New Refugee Centre in Poland
The Office for Foreigners opened the refugee centre in a renovated, one-storey building which can accommodate around 200 people. The new centre is the so called reception centre where the foreigners will stay only temporary, and after accomplishing all the formalities that have to be met by people applying for the refugee status, they will be directed to other centres in Poland. The centre in Biała Podlaska is the second centre of this type after the one in Dębak, located in the suburbs of Warsaw, the capital of Poland.
The choice of the localization is not accidental. “We wanted to open the new centre as closely to the eastern border as possible. In the vicinity, there is a frontier crossing point situated in Terespol where the biggest number of the refugees apply for the refugee status,” explains Ms Ewa Piechota from the Office for Foreigners in Warsaw. “In the centre there are rooms that can accommodate three and eight people. Moreover, the centre is equipped with a new playing field, physician’s office, treatment room, day-room and TV room. Currently, the centre is on trial bases, if there appear first foreigners, they will be invited to the centre,” says Ms Ewa Piechota.
None of the inhabitants of Bielsko Biała opposed to the opening of the refugee centre. What is more, around 300 citizens of this city wanted to work in the centre. Volunteers were the first to offer the foreigners from Biała Podlaska their helping hand. Thanks to the campaign “Because I Was a Newcomer” Poles could learn about problems, culture and tradition of the people who come from all over the world. The information meeting together with the artistic part was organized by the Office for Foreigners and Lublin Volunteer Centre on Sunday that preceded the official opening of the new refugee centre.

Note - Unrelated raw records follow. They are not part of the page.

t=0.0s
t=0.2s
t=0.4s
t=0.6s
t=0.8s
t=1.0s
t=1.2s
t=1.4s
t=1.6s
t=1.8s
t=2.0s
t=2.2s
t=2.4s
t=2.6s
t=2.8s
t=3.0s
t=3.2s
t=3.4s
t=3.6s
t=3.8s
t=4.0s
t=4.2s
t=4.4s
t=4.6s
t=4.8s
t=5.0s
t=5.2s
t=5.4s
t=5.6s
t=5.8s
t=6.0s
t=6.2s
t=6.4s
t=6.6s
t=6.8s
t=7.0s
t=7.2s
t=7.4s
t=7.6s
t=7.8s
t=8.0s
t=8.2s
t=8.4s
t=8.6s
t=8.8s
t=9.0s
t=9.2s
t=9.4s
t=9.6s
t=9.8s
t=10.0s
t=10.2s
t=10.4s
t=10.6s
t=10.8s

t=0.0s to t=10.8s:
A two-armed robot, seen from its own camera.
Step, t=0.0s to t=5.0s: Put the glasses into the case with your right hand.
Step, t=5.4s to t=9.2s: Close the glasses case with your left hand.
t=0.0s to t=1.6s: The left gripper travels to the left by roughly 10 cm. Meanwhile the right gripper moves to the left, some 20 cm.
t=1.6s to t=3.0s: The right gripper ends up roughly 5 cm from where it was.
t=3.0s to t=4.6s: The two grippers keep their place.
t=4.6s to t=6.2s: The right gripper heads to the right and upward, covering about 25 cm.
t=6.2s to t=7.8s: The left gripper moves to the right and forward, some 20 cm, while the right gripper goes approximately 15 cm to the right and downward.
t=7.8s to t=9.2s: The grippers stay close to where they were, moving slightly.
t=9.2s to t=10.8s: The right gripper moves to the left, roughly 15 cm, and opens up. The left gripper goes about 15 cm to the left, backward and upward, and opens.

The Chechen kitchen and performance of the children’s band “Stars of Chechen ” conquered hearts of the inhabitants of Biała Podlaska. Dariusz Dakus who came to see the performance of the “Stars of Chechen” with his fourteen years old daughter Patrycja, says: “We have to help others to regain freedom just others used to help us”. Maria Panasiuk, a teacher on pension, says: “There has to be somewhere a refuge for people who suffered a lot of pain.”

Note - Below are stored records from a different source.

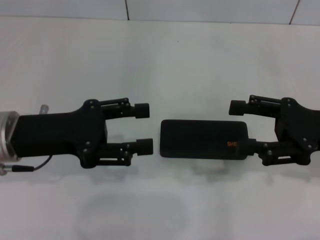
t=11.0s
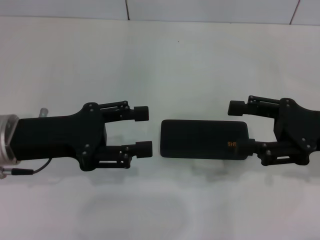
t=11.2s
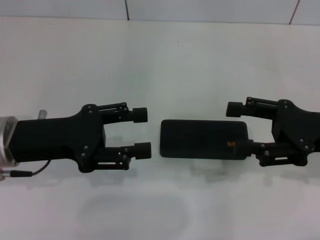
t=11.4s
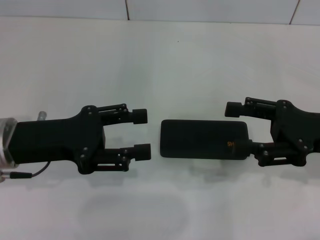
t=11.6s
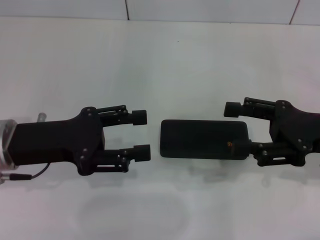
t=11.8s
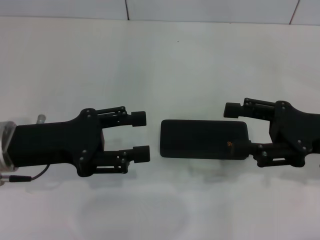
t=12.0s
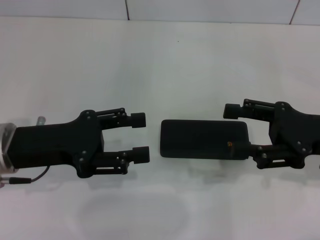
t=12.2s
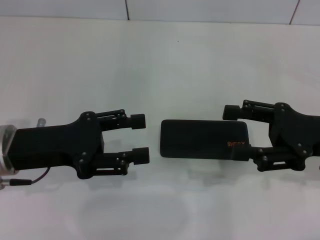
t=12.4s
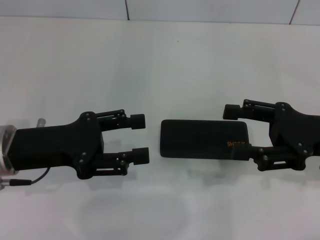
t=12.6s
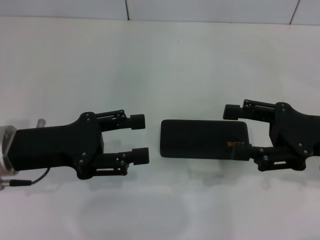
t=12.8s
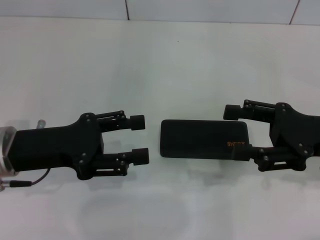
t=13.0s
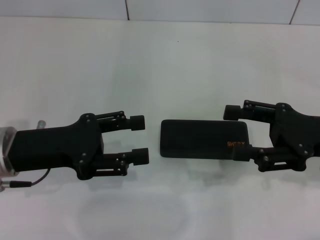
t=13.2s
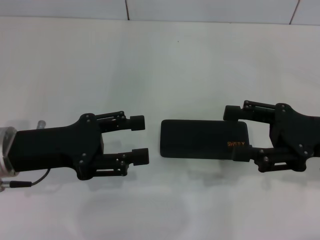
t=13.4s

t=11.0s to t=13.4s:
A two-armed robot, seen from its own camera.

Employees of the Office for Foreigners underline how important it is for them that the centre in Biała Podlaska is well accepted by the inhabitants of the city. “We should remember that the refugees are people who after crossing the border feel very lost and disoriented. They do not know the language and still they have to fend for themselves in a foreign country,” explains Ms Ewa Piechota. In the past, people were not always very willing to have refugees as their neighbours. For instance, two years ago, after objections on the part of the citizens, the Office for Foreigners withdrew from establishing the refugee centre in the military housing estate in Dęblin.
The centre in Biała Podlska is the nineteenth refugee centre in Poland. At present, there are in Poland over 6.000 people, mostly Chechens who apply for the refugee status and 4.309 of them live in these centres.